The current landscape of computation showcases a trend towards larger clusters, with the Top500’s most substantial computation clusters consuming over 20 megawatts of power. Particularly noteworthy are server campuses tailored to support AI training and inference, which often surpass this power consumption threshold. Projections suggest that by 2027, a single capability-class computer could necessitate a staggering 120 megawatts of electricity.
During a discussion on carbon-neutrality and sustainability in high-performance technology, experts from the University of Chicago, Schneider Electric, Los Alamos National Laboratory, Hewlett Packard Enterprise, and the Scandinavian IT Center for Science deliberated on these evolving trends. They also shared insights on strategic planning, deployment, and reporting practices for these advancing services.
Water Costs and Power Efficiency
The discourse at the seminar underscored the significance of Power Usage Effectiveness (PUE) as a key metric in evaluating data center efficiency. PUE compares the power consumption of computing, storage, and networking equipment to the overall utilization, with lower values indicating higher efficiency. While PUE serves as a valuable tool for optimizing data center operations, it has also led to certain detrimental practices among hyperscalers and large data center operators.
Some hyperscalers have established massive data centers in arid regions like Arizona and New Mexico, leveraging evaporative cooling systems to achieve impressive PUE figures. However, this approach raises concerns about the substantial water consumption associated with evaporative cooling methods.
Genna Waldvogel from Los Alamos highlighted innovative water management practices at their facility, emphasizing the recycling of water used in server cooling systems. This sustainable approach involves treating wastewater and reusing it in the cooling process, minimizing water wastage.
Strategic Site Selection and Environmental Impact
Nicolas Dubé from HPE emphasized the critical role of location in data center siting decisions. By opting for regions abundant in clean energy sources, such as hydropower and wind, the environmental footprint of AI infrastructure can be significantly reduced. Dubé cited the example of a Quebec-based infrastructure facility powered predominantly by renewable energy sources, showcasing the potential for environmental mitigation through strategic site selection.
Furthermore, Dubé proposed harnessing waste heat generated by data centers for practical purposes, such as heating adjacent agricultural greenhouses. This integrated approach not only maximizes resource utilization but also contributes to sustainable practices within the community.

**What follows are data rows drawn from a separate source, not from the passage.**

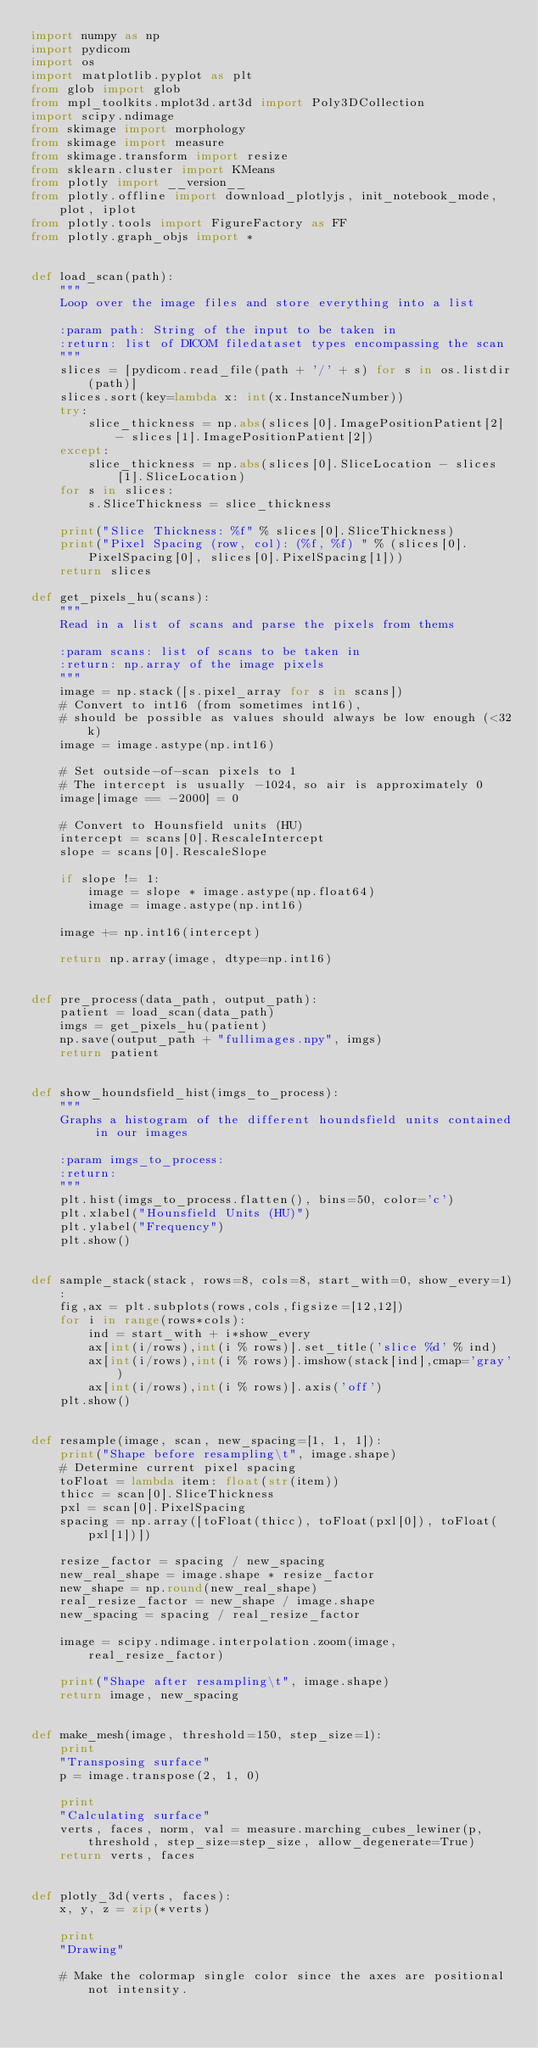<code> <loc_0><loc_0><loc_500><loc_500><_Python_>import numpy as np
import pydicom
import os
import matplotlib.pyplot as plt
from glob import glob
from mpl_toolkits.mplot3d.art3d import Poly3DCollection
import scipy.ndimage
from skimage import morphology
from skimage import measure
from skimage.transform import resize
from sklearn.cluster import KMeans
from plotly import __version__
from plotly.offline import download_plotlyjs, init_notebook_mode, plot, iplot
from plotly.tools import FigureFactory as FF
from plotly.graph_objs import *


def load_scan(path):
    """
    Loop over the image files and store everything into a list

    :param path: String of the input to be taken in
    :return: list of DICOM filedataset types encompassing the scan
    """
    slices = [pydicom.read_file(path + '/' + s) for s in os.listdir(path)]
    slices.sort(key=lambda x: int(x.InstanceNumber))
    try:
        slice_thickness = np.abs(slices[0].ImagePositionPatient[2] - slices[1].ImagePositionPatient[2])
    except:
        slice_thickness = np.abs(slices[0].SliceLocation - slices[1].SliceLocation)
    for s in slices:
        s.SliceThickness = slice_thickness

    print("Slice Thickness: %f" % slices[0].SliceThickness)
    print("Pixel Spacing (row, col): (%f, %f) " % (slices[0].PixelSpacing[0], slices[0].PixelSpacing[1]))
    return slices

def get_pixels_hu(scans):
    """
    Read in a list of scans and parse the pixels from thems

    :param scans: list of scans to be taken in
    :return: np.array of the image pixels
    """
    image = np.stack([s.pixel_array for s in scans])
    # Convert to int16 (from sometimes int16),
    # should be possible as values should always be low enough (<32k)
    image = image.astype(np.int16)

    # Set outside-of-scan pixels to 1
    # The intercept is usually -1024, so air is approximately 0
    image[image == -2000] = 0

    # Convert to Hounsfield units (HU)
    intercept = scans[0].RescaleIntercept
    slope = scans[0].RescaleSlope

    if slope != 1:
        image = slope * image.astype(np.float64)
        image = image.astype(np.int16)

    image += np.int16(intercept)

    return np.array(image, dtype=np.int16)


def pre_process(data_path, output_path):
    patient = load_scan(data_path)
    imgs = get_pixels_hu(patient)
    np.save(output_path + "fullimages.npy", imgs)
    return patient


def show_houndsfield_hist(imgs_to_process):
    """
    Graphs a histogram of the different houndsfield units contained in our images

    :param imgs_to_process:
    :return:
    """
    plt.hist(imgs_to_process.flatten(), bins=50, color='c')
    plt.xlabel("Hounsfield Units (HU)")
    plt.ylabel("Frequency")
    plt.show()


def sample_stack(stack, rows=8, cols=8, start_with=0, show_every=1):
    fig,ax = plt.subplots(rows,cols,figsize=[12,12])
    for i in range(rows*cols):
        ind = start_with + i*show_every
        ax[int(i/rows),int(i % rows)].set_title('slice %d' % ind)
        ax[int(i/rows),int(i % rows)].imshow(stack[ind],cmap='gray')
        ax[int(i/rows),int(i % rows)].axis('off')
    plt.show()


def resample(image, scan, new_spacing=[1, 1, 1]):
    print("Shape before resampling\t", image.shape)
    # Determine current pixel spacing
    toFloat = lambda item: float(str(item))
    thicc = scan[0].SliceThickness
    pxl = scan[0].PixelSpacing
    spacing = np.array([toFloat(thicc), toFloat(pxl[0]), toFloat(pxl[1])])

    resize_factor = spacing / new_spacing
    new_real_shape = image.shape * resize_factor
    new_shape = np.round(new_real_shape)
    real_resize_factor = new_shape / image.shape
    new_spacing = spacing / real_resize_factor

    image = scipy.ndimage.interpolation.zoom(image, real_resize_factor)

    print("Shape after resampling\t", image.shape)
    return image, new_spacing


def make_mesh(image, threshold=150, step_size=1):
    print
    "Transposing surface"
    p = image.transpose(2, 1, 0)

    print
    "Calculating surface"
    verts, faces, norm, val = measure.marching_cubes_lewiner(p, threshold, step_size=step_size, allow_degenerate=True)
    return verts, faces


def plotly_3d(verts, faces):
    x, y, z = zip(*verts)

    print
    "Drawing"

    # Make the colormap single color since the axes are positional not intensity.</code>

Dynamic Operation for Sustainability
The CERES Center for Unstoppable Computing at the University of Chicago, under Andrew Chien’s leadership, advocates for dynamic operation strategies to enhance data center sustainability. By adjusting the utilization of HPC clusters based on available power resources, operators can optimize efficiency and reduce carbon emissions, particularly during periods of peak renewable energy generation.
Chien’s vision for the “Fugaku Next” project in Japan anticipates substantial reductions in power costs and carbon emissions through dynamic operational practices. This adaptive approach aligns with the evolving landscape of green energy integration into global power grids.

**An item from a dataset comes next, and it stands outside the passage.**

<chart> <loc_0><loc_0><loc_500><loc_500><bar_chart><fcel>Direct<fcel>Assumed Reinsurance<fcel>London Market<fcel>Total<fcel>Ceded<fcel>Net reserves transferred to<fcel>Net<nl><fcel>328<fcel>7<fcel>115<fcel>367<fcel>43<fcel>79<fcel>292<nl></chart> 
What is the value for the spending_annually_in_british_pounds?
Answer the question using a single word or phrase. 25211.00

Advancing Reporting Practices
Robert Bunger from Schneider Electric stressed the importance of comprehensive monitoring and reporting to mitigate the environmental impact of expanding HPC and AI clusters. He recommended a proactive approach by infrastructure operators to track key sustainability metrics, including water use efficiency, renewable energy consumption, and overall power efficiency.
To streamline reporting efforts, Schneider proposed 28 indicators for infrastructure operators to monitor, encompassing various aspects of sustainability and operational efficiency. While acknowledging the challenges of tracking all metrics, Bunger advised starting with a manageable subset and progressively expanding monitoring capabilities to drive continuous improvement in environmental stewardship.